A research team led by Professor Seungbum Hong from the Department of Materials Science and Engineering has succeeded in developing an imaging technique for identifying the distribution of components in battery electrodes using atomic force microscopy. This technology is expected to facilitate the design process of solid-state batteries and lay the foundation for innovation in manufacturing processes of other electrochemical materials. The study was published in ACS Applied Energy Materials on April 27.

A solid-state battery utilizes solid electrodes and electrolytes instead of the liquid or polymer gel electrolytes found in conventional lithium-ion batteries, which tend to exhibit a high probability of ignition due to shock or pressure and vulnerability to prolonged charging station demand. On the other hand, solid-state batteries offer better safety and wider electrochemical stability, so they are often cited as the future of rechargeable battery technology.

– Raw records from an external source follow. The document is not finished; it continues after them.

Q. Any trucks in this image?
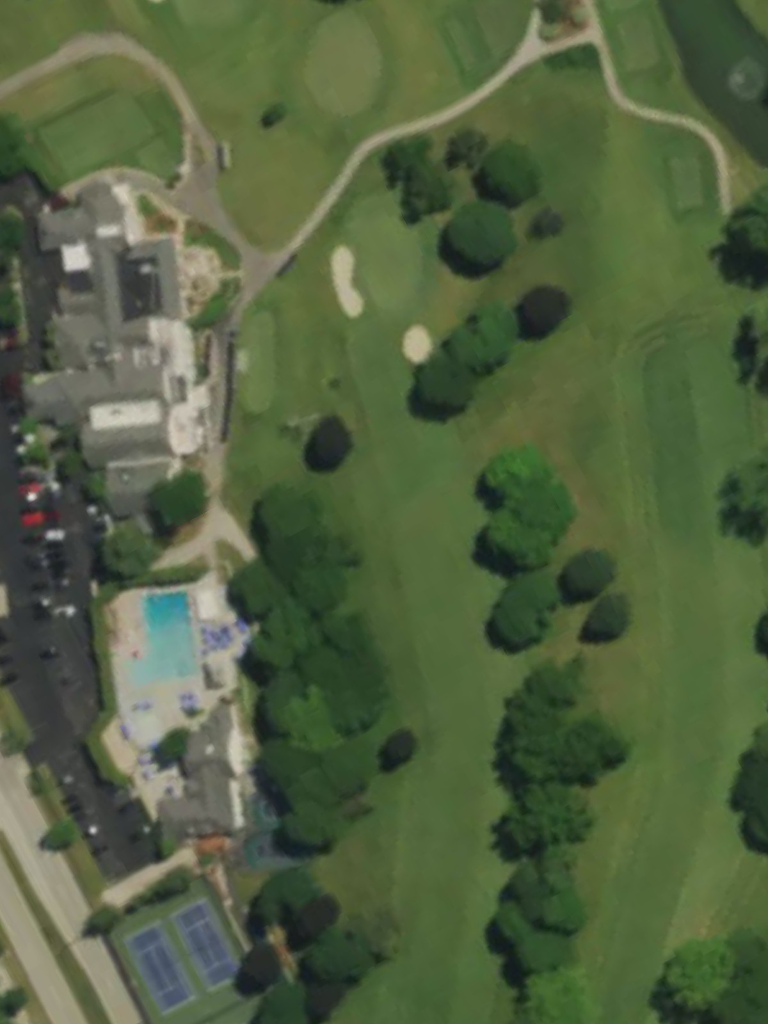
No
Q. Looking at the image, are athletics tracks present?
No
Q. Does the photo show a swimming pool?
Yes
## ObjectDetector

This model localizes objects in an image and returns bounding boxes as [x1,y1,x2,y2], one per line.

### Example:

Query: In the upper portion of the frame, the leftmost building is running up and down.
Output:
[24,181,188,517]
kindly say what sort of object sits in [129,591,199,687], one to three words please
swimming pool
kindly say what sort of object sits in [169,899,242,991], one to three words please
tennis court
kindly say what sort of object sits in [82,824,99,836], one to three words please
vehicle
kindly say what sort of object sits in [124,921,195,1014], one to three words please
tennis court
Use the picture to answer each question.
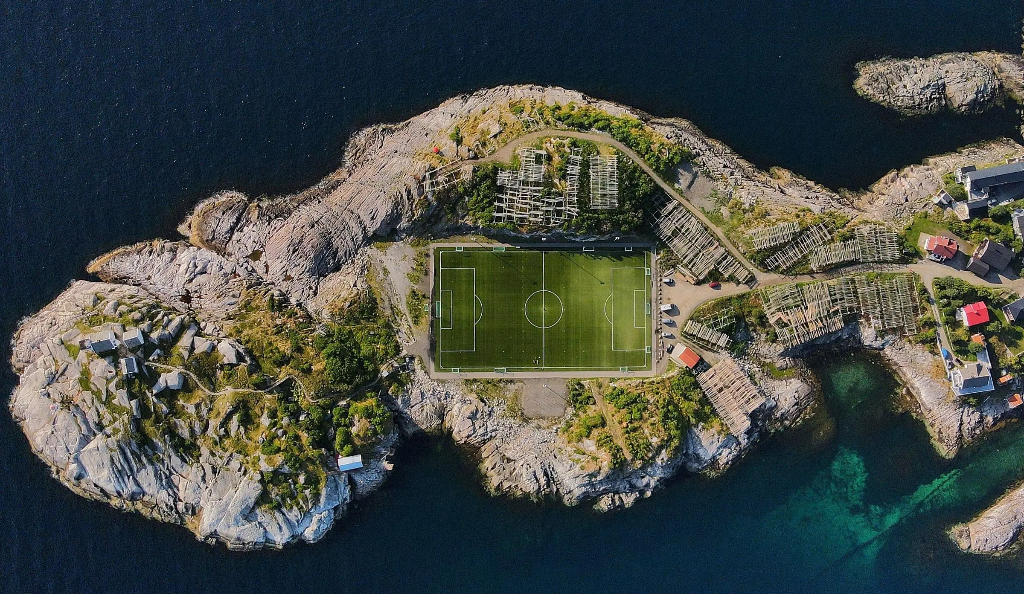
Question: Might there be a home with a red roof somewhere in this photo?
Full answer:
Yes, a home with a red roof can be made out from above.
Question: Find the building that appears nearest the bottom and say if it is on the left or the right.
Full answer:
The building that appears nearest the bottom sits on the left side.
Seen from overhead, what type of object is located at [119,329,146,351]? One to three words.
house
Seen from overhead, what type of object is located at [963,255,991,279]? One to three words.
building
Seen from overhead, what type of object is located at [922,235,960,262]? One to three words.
house
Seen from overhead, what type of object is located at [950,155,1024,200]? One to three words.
building
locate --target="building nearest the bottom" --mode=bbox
[335,453,365,473]
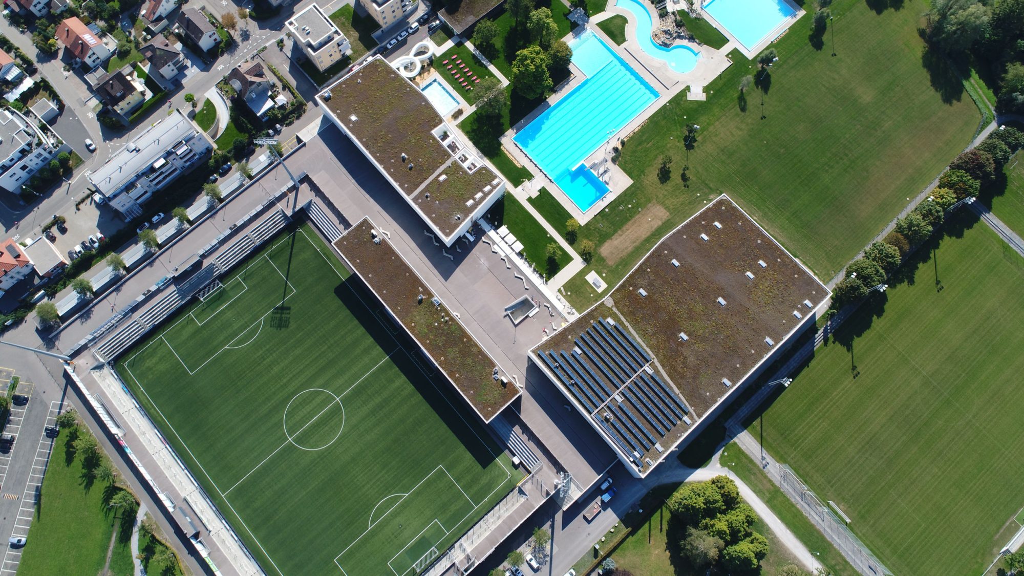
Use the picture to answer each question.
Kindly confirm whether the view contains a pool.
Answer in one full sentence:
Yes, looking at the shot, I can spot a pool.
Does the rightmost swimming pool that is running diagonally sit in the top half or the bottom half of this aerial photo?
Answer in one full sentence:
You can find the rightmost swimming pool that is running diagonally in the top half.
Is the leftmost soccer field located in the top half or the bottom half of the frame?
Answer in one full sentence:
You can find the leftmost soccer field in the bottom half.
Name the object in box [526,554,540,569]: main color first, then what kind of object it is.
white car
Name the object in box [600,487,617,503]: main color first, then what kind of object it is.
blue vehicle
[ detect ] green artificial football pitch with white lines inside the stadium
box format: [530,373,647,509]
[111,216,527,576]
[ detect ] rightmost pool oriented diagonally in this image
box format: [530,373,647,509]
[614,0,699,74]
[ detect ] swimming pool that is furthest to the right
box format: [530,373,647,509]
[701,0,798,51]
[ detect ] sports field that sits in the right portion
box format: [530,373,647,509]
[738,221,1024,576]

Nonetheless, this type of battery still has shortcomings, such as limited electrical conductivity, insufficient contact areas, and high interfacial resistance between the electrode and solid electrolyte. Studies have been conducted on composite electrodes using lithium ion conducting additives to provide ion conductive paths at the interface, thereby increasing the overall ionic conductivity. However, there is a need for the development of proper methods to distinguish and analyze the ionic behaviors of the separate components of such electrodes on a microscopic scale, in order to reach a significant increase in battery performance.

Professor Seungbum Hong’s team utilized a combination of multiscale electrochemical strain microscopy (ESM) and lateral force microscopy (LFM) analysis on composite anodes in ambient conditions. The team explored ESM amplitude/phase and LFM’s friction force dependence on the AC drive voltage and the tip loading force and used their sensitivities to mark each component in the composite anode.

Unlike other analysis methods currently in use, this method provides higher spatial and intensity resolution for detected signals, allowing it to identify distinct components of the composite anode and simultaneously measure their properties. The method also offers the advantage of 3D surface morphology information on the components.